=== Listed records ===

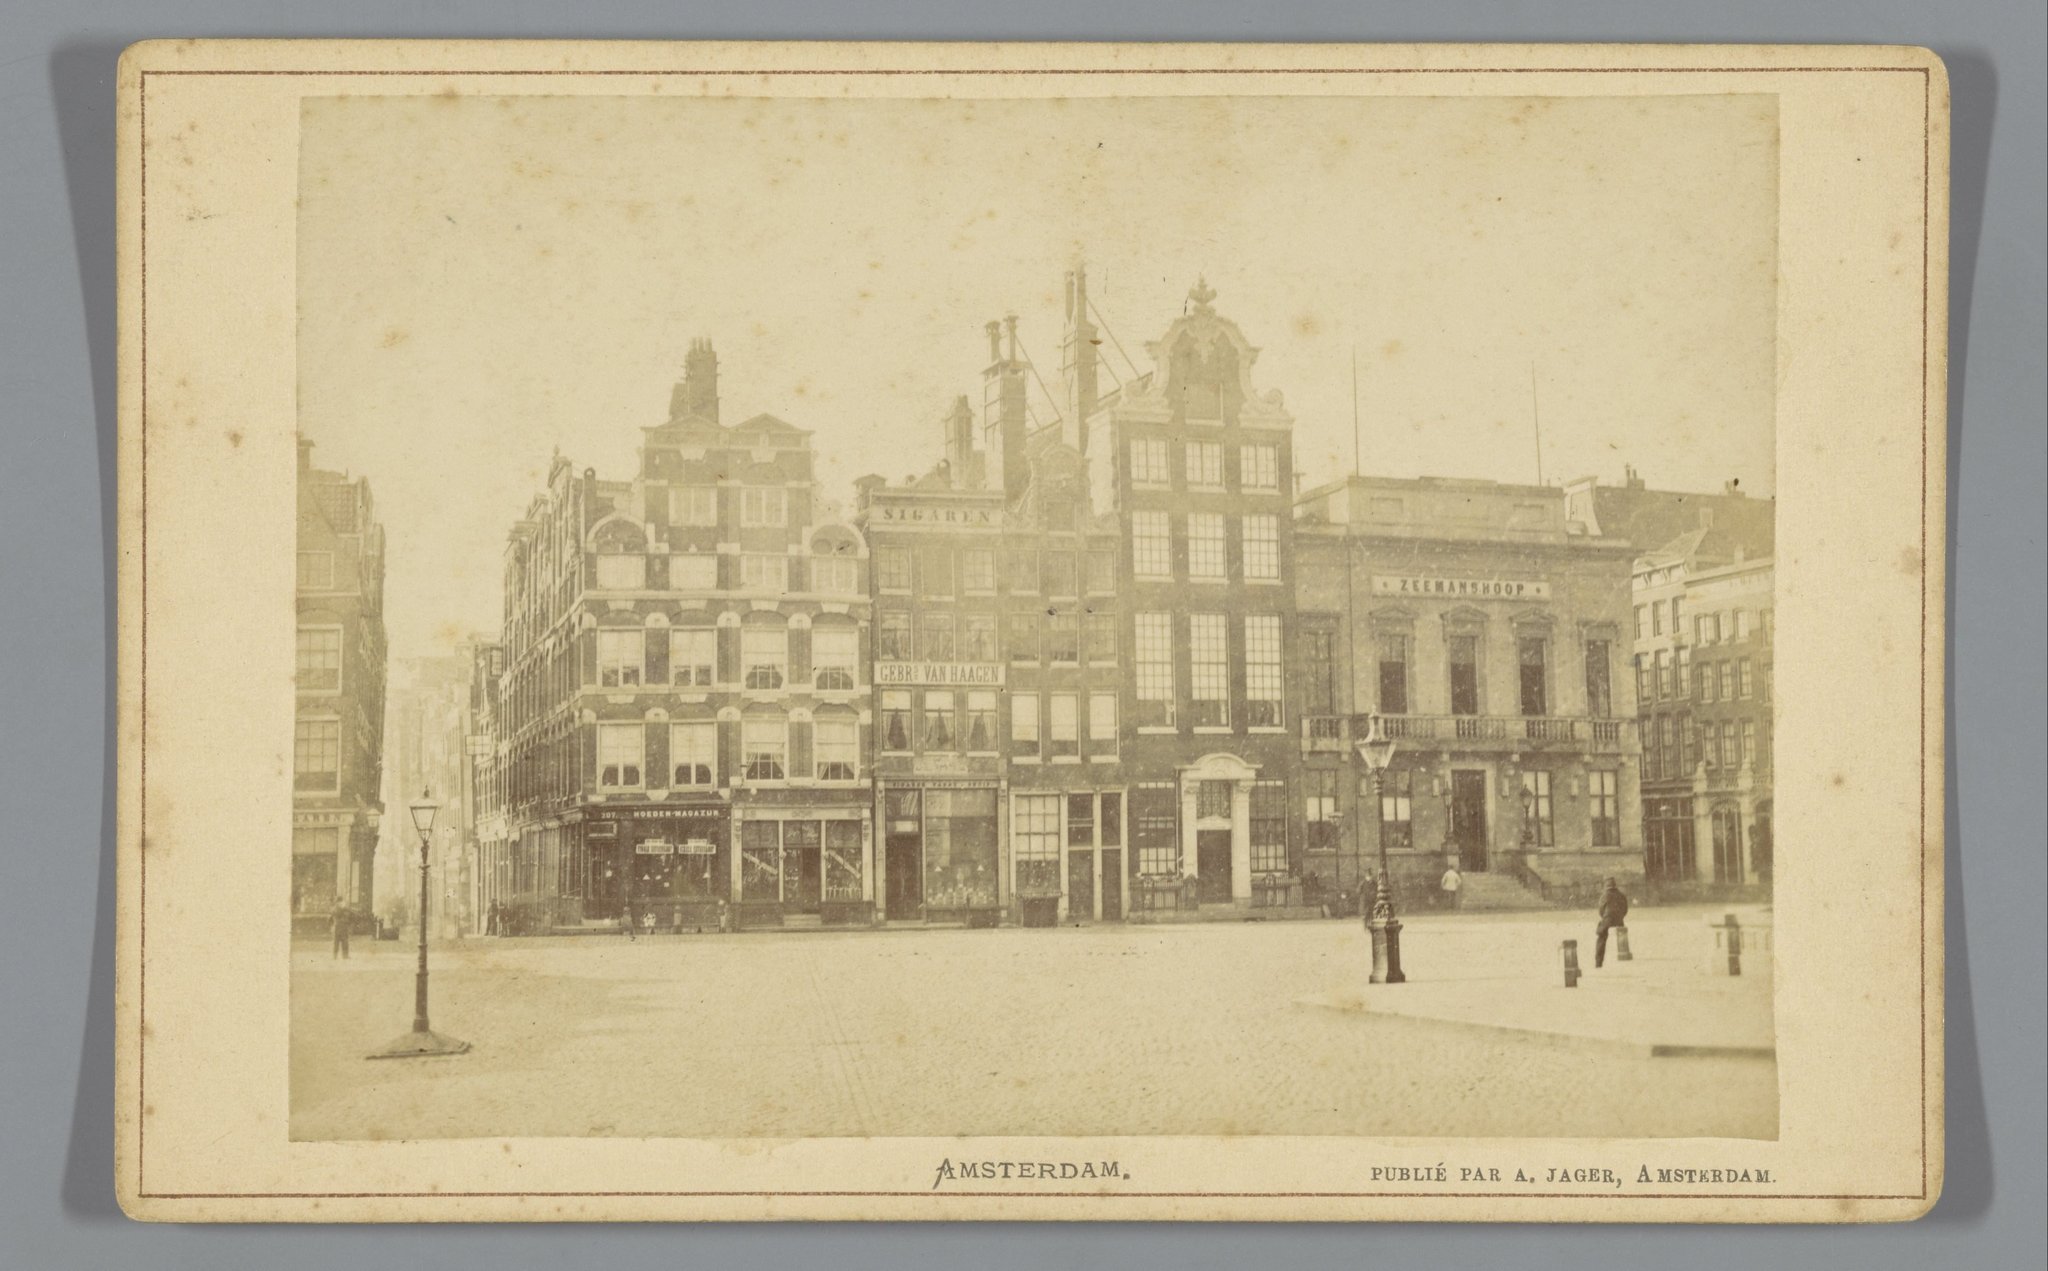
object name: cabinet photograph
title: Amsterdam
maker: andries jager
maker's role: publisher
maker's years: 1825-1905
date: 1860-1890
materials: cardboard, photographic support
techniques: albumen print
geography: amsterdam
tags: shop, store, square, place, circus, etc.
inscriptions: annotation: ‘Beurssteeg met voormalig hoekhuis,/ thans het Sigarenmagazijn van P.G.C./ Hajenius./ 1884.’

===

What needs to be done » Repeat the data above exactly, images excluded.

Exercise output »
object name: cabinet photograph
title: Amsterdam
maker: andries jager
maker's role: publisher
maker's years: 1825-1905
date: 1860-1890
materials: cardboard, photographic support
techniques: albumen print
geography: amsterdam
tags: shop, store, square, place, circus, etc.
inscriptions: annotation: ‘Beurssteeg met voormalig hoekhuis,/ thans het Sigarenmagazijn van P.G.C./ Hajenius./ 1884.’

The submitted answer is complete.